▸ **TASK OBJECTIVE**: Below are the records; give again exactly the line with "return make_int4(a0, a1, b0, b1);", the line with "int b0 = min(count, start", and each line that lies between them, and nothing besides.

▸ **RECORD EXCERPTS**:
-=-=-

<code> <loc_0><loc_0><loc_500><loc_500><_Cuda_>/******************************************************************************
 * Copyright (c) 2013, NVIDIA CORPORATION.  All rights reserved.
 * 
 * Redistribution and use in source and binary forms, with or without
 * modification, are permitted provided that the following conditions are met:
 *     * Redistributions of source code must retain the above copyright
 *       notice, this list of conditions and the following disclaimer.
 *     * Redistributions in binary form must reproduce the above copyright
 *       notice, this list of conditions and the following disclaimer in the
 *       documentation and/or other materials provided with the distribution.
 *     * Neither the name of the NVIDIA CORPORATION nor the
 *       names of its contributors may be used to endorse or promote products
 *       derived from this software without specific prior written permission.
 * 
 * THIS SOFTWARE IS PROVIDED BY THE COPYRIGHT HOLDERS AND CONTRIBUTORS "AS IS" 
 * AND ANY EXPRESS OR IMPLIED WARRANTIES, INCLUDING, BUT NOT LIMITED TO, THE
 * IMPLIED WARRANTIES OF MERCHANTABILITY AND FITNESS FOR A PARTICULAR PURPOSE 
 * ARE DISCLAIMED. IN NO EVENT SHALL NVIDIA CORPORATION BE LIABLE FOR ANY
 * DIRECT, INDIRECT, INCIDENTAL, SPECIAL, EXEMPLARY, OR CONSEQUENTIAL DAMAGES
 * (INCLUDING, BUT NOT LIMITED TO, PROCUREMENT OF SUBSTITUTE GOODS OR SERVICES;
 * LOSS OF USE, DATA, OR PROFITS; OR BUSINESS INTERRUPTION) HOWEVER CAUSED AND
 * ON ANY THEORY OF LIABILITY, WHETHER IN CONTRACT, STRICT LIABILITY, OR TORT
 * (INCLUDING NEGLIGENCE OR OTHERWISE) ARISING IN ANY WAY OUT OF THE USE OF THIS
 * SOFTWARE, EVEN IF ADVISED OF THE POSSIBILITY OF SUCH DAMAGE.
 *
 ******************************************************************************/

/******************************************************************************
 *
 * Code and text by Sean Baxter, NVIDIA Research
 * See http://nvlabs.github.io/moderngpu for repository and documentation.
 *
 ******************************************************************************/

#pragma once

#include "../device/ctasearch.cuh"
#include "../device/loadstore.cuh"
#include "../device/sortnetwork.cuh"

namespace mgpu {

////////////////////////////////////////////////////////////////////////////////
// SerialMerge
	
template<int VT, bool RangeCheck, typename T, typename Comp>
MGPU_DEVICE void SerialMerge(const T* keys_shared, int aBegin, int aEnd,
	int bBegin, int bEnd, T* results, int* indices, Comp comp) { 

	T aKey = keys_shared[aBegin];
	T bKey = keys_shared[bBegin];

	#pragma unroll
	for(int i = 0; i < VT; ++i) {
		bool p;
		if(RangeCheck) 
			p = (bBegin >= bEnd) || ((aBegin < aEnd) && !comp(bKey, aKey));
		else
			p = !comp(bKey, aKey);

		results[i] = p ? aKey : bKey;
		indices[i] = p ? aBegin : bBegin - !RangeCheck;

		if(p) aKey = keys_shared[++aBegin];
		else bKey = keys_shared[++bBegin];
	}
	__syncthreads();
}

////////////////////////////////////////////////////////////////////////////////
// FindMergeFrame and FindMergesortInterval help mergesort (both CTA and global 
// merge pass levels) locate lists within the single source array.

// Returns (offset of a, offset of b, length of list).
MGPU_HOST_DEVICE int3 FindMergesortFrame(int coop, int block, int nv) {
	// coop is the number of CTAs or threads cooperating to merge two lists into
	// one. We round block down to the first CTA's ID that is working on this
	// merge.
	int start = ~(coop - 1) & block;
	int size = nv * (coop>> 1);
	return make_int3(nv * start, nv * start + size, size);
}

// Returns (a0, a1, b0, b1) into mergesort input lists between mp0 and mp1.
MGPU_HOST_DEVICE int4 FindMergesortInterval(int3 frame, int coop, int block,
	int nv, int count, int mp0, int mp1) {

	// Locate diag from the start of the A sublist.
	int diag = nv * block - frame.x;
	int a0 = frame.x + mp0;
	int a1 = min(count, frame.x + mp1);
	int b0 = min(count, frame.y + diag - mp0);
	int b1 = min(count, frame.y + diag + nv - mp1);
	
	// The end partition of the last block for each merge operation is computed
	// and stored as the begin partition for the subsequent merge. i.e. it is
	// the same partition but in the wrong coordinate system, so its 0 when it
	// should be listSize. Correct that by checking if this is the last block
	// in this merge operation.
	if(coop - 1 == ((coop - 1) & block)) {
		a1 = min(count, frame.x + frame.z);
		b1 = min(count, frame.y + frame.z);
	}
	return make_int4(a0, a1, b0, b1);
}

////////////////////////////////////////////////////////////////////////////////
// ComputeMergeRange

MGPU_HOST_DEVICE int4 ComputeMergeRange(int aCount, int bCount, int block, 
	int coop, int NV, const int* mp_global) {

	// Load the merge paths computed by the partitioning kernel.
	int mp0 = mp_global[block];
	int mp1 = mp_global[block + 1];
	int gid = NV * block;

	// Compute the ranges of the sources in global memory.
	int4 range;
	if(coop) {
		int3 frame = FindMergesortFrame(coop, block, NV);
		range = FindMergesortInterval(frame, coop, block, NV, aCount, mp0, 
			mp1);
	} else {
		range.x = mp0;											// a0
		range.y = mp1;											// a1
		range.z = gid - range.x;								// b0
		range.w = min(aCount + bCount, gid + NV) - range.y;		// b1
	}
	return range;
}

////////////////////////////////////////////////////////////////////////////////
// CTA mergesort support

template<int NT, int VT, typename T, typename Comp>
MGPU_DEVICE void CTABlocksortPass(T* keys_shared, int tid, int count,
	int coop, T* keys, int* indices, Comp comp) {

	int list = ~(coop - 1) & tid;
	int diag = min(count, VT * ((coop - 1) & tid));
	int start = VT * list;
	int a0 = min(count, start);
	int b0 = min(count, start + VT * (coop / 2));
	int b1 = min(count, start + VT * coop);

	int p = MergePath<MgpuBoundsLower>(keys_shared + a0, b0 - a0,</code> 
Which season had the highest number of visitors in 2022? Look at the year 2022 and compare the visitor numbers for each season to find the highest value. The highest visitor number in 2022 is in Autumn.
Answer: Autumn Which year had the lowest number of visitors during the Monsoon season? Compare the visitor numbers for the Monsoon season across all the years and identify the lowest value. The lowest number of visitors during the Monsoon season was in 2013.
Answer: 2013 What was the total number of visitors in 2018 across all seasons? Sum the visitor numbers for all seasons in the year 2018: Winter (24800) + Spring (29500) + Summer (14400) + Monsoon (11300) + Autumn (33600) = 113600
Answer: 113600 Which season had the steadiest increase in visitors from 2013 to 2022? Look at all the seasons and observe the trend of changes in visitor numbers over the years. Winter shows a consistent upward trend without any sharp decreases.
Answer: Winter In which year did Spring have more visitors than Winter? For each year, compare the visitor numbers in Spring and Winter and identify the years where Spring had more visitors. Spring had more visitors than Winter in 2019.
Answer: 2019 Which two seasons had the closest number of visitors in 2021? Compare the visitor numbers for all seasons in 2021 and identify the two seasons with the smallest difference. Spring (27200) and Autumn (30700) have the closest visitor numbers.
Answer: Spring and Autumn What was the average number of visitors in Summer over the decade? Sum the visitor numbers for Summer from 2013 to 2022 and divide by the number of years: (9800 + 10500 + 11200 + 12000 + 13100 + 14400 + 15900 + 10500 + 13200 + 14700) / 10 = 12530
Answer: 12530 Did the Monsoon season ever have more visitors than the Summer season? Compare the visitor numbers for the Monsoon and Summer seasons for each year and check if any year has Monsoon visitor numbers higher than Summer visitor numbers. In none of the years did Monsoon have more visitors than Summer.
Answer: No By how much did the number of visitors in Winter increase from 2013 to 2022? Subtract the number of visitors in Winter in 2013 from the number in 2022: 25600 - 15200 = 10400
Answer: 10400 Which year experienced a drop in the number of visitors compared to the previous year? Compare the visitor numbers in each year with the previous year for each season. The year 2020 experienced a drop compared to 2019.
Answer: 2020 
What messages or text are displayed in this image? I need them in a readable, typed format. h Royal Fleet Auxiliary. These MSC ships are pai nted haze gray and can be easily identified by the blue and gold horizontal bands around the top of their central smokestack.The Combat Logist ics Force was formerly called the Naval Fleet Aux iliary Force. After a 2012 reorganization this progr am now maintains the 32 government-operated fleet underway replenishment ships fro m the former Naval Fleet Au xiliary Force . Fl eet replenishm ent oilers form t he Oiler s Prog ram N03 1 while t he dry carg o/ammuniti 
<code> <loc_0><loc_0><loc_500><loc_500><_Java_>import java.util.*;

-=-=-

▸ **OUTPUT FOR THIS EXERCISE**:
	return make_int4(a0, a1, b0, b1);
}

////////////////////////////////////////////////////////////////////////////////
// ComputeMergeRange

MGPU_HOST_DEVICE int4 ComputeMergeRange(int aCount, int bCount, int block, 
	int coop, int NV, const int* mp_global) {

	// Load the merge paths computed by the partitioning kernel.
	int mp0 = mp_global[block];
	int mp1 = mp_global[block + 1];
	int gid = NV * block;

	// Compute the ranges of the sources in global memory.
	int4 range;
	if(coop) {
		int3 frame = FindMergesortFrame(coop, block, NV);
		range = FindMergesortInterval(frame, coop, block, NV, aCount, mp0, 
			mp1);
	} else {
		range.x = mp0;											// a0
		range.y = mp1;											// a1
		range.z = gid - range.x;								// b0
		range.w = min(aCount + bCount, gid + NV) - range.y;		// b1
	}
	return range;
}

////////////////////////////////////////////////////////////////////////////////
// CTA mergesort support

template<int NT, int VT, typename T, typename Comp>
MGPU_DEVICE void CTABlocksortPass(T* keys_shared, int tid, int count,
	int coop, T* keys, int* indices, Comp comp) {

	int list = ~(coop - 1) & tid;
	int diag = min(count, VT * ((coop - 1) & tid));
	int start = VT * list;
	int a0 = min(count, start);
	int b0 = min(count, start + VT * (coop / 2));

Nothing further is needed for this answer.